**TASK TO COMPLETE**
Although the records contain pictures, only their text should be set down, exactly as written.

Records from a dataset
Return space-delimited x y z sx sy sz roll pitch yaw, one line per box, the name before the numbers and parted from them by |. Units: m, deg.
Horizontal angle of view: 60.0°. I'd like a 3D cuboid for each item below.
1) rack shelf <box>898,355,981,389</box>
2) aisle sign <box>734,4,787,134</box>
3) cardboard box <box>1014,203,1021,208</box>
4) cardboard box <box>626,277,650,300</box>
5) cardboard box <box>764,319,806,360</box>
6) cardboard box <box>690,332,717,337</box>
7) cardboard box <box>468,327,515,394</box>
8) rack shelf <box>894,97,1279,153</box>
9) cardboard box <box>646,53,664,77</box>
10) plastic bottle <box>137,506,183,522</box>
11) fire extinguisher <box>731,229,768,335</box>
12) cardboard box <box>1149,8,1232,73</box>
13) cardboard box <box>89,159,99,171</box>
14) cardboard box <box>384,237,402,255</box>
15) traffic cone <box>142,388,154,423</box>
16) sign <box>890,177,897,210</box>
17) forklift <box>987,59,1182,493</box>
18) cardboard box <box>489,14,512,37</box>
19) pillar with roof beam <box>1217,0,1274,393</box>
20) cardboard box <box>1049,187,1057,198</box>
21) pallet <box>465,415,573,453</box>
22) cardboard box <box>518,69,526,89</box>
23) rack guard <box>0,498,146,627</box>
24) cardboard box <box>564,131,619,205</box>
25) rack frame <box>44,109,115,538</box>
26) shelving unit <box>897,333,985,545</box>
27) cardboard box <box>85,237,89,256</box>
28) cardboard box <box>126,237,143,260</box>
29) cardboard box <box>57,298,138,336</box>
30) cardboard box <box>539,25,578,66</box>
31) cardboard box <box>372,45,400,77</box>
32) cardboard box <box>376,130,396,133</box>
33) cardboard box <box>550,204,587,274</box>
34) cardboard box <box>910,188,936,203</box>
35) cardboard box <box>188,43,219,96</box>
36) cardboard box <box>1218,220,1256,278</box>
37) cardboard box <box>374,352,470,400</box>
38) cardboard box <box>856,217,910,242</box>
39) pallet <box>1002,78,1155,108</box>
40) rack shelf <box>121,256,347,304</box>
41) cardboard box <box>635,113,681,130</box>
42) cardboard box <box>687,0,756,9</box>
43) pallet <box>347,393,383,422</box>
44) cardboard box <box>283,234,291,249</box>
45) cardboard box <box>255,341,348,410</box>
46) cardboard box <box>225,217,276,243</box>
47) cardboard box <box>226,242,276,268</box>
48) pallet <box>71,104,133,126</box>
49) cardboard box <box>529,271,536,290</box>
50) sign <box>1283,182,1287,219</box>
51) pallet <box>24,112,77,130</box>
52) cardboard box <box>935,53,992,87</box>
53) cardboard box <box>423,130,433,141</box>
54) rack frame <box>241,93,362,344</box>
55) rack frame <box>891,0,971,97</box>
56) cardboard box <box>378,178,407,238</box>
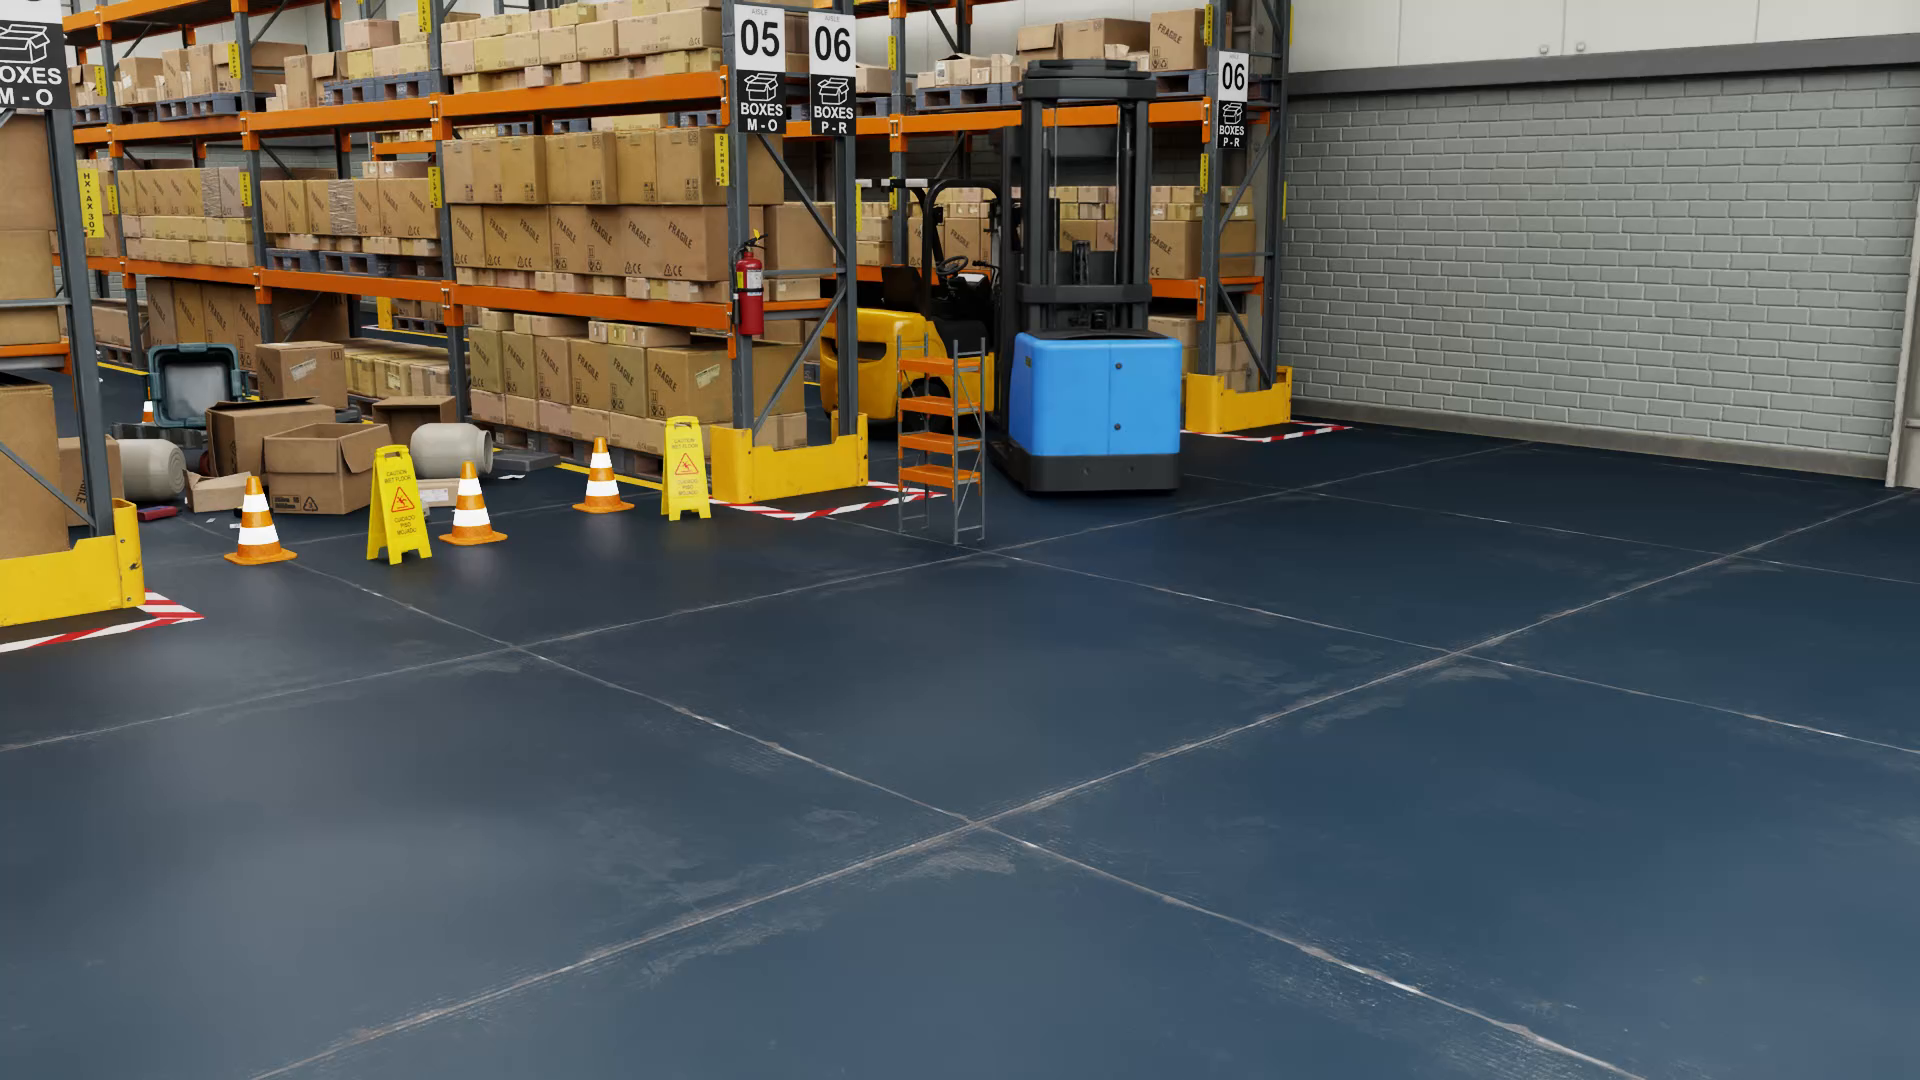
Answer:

**THE COMPLETED TASK**
Return space-delimited x y z sx sy sz roll pitch yaw, one line per box, the name before the numbers and parted from them by |. Units: m, deg.
Horizontal angle of view: 60.0°. I'd like a 3D cuboid for each item below.
1) rack shelf <box>898,355,981,389</box>
2) aisle sign <box>734,4,787,134</box>
3) cardboard box <box>1014,203,1021,208</box>
4) cardboard box <box>626,277,650,300</box>
5) cardboard box <box>764,319,806,360</box>
6) cardboard box <box>690,332,717,337</box>
7) cardboard box <box>468,327,515,394</box>
8) rack shelf <box>894,97,1279,153</box>
9) cardboard box <box>646,53,664,77</box>
10) plastic bottle <box>137,506,183,522</box>
11) fire extinguisher <box>731,229,768,335</box>
12) cardboard box <box>1149,8,1232,73</box>
13) cardboard box <box>89,159,99,171</box>
14) cardboard box <box>384,237,402,255</box>
15) traffic cone <box>142,388,154,423</box>
16) sign <box>890,177,897,210</box>
17) forklift <box>987,59,1182,493</box>
18) cardboard box <box>489,14,512,37</box>
19) pillar with roof beam <box>1217,0,1274,393</box>
20) cardboard box <box>1049,187,1057,198</box>
21) pallet <box>465,415,573,453</box>
22) cardboard box <box>518,69,526,89</box>
23) rack guard <box>0,498,146,627</box>
24) cardboard box <box>564,131,619,205</box>
25) rack frame <box>44,109,115,538</box>
26) shelving unit <box>897,333,985,545</box>
27) cardboard box <box>85,237,89,256</box>
28) cardboard box <box>126,237,143,260</box>
29) cardboard box <box>57,298,138,336</box>
30) cardboard box <box>539,25,578,66</box>
31) cardboard box <box>372,45,400,77</box>
32) cardboard box <box>376,130,396,133</box>
33) cardboard box <box>550,204,587,274</box>
34) cardboard box <box>910,188,936,203</box>
35) cardboard box <box>188,43,219,96</box>
36) cardboard box <box>1218,220,1256,278</box>
37) cardboard box <box>374,352,470,400</box>
38) cardboard box <box>856,217,910,242</box>
39) pallet <box>1002,78,1155,108</box>
40) rack shelf <box>121,256,347,304</box>
41) cardboard box <box>635,113,681,130</box>
42) cardboard box <box>687,0,756,9</box>
43) pallet <box>347,393,383,422</box>
44) cardboard box <box>283,234,291,249</box>
45) cardboard box <box>255,341,348,410</box>
46) cardboard box <box>225,217,276,243</box>
47) cardboard box <box>226,242,276,268</box>
48) pallet <box>71,104,133,126</box>
49) cardboard box <box>529,271,536,290</box>
50) sign <box>1283,182,1287,219</box>
51) pallet <box>24,112,77,130</box>
52) cardboard box <box>935,53,992,87</box>
53) cardboard box <box>423,130,433,141</box>
54) rack frame <box>241,93,362,344</box>
55) rack frame <box>891,0,971,97</box>
56) cardboard box <box>378,178,407,238</box>
Answer:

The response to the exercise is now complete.